The ongoing global turmoil headlined by the US-China trade dispute and turbulence in emerging markets such as Argentina and Turkey are a cause for concern, but there are also reasons for optimism, said panellists in a session on the global economic outlook on the closing day of the Annual Meeting of the New Champions.
For China, the trade dispute is an opportunity to further boost consumption to replace exports as the engine of economic growth, said Wang Tuanwei, Chief Financial Officer and Vice-President, China Minsheng Investment Group, People’s Republic of China. China’s large population and imperative to boost growth in rural areas, where living conditions are far worse than in its thriving cities, present an investment opportunity, he said.

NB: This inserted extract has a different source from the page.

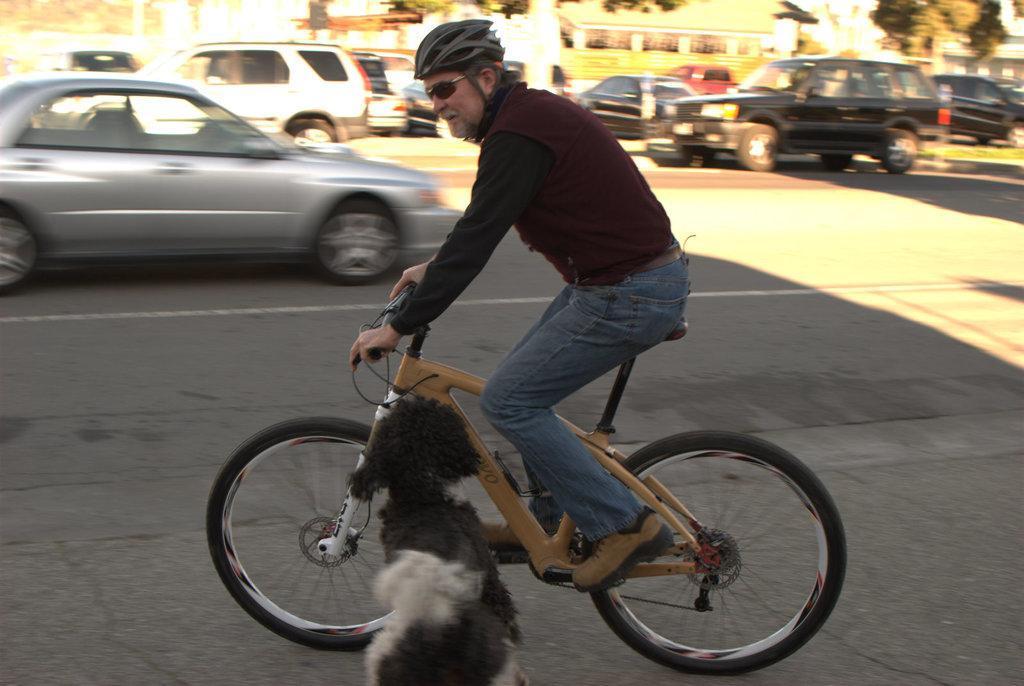Could you give a brief overview of what you see in this image? This is on road. A old man riding a bicycle wearing a helmet,in front of him there is a puppy and back side of him there is a car and over total background there are many cars trees and building.

This is unlikely to be easy, however, warned Lutfey Siddiqi, Visiting Professor-in-Practice at the London School of Economics and Political Science, United Kingdom, comparing what China needs to do to having to switch engines in a bus moving at a fast clip à la Keanu Reeves in the film Speed.
One corollary of the current dispute is that the dependence of the global economy on China-US trade dynamics will decrease, and China’s trade with the European Union and other partners will assume prominence, said Arun Sundararajan, Robert and Dale Atkins Rosen Professor of Business at the Stern School of Business, New York University, USA. He added that China would be well poised to assume philosophical leadership of multilateralism in trade. Other trading countries will find themselves caught in a pincer between the US and China, but this could provide a catalyst to the ASEAN countries to hasten their integration so as to benefit from improving the composition and balance of their trade with China, Siddiqi said.
China is also opening up more and more sectors to foreign investment – securities and insurance, for instance – and would do well to improve its social security system at this time, which would mobilize its massive savings by giving people the courage to spend rather than save, said Jing Ulrich, Managing Director and Vice-Chairman for Asia-Pacific at JPMorgan Chase & Co., Hong Kong SAR, China. However, she said, there would be reason for Asia and indeed the world to worry if the current dispute becomes protracted, creating a lose-lose situation for all concerned.
“China will not change its industrial policy due to external pressure,” Ulrich said, adding that China has a long-term plan to modernize and transform from an export-dependent to a consumption-driven economy, and to rapidly advance in the technological sphere, from which it will not deviate. “Negotiations will begin, but it will be a rough and bumpy road,” she said, adding, “The problem is in technology, where China and the US both want to lead in e-commerce, e-payments, artificial intelligence.” There might, however, be some resolution in the coming months if the US tempers its stance after its midterm elections, she said.
Nevertheless, the upcoming technologies of the Fourth Industrial Revolution are a cause for optimism for the global economy, said Sundararajan, and those who are cautious about investing in these technologies now will miss out in the long run. At the same time, Asian countries, as countries everywhere, must work to reduce technological inequalities and make their countries more inclusive. Various Asian countries have very different demographic realities, which will influence the speed at which they develop technologies. China, for instance, is ahead of the US in deploying mobile phones for a range of day-to-day activities. However, it will go slower than Japan in automation, because it has a vast labour force to think about, Sundararajan said.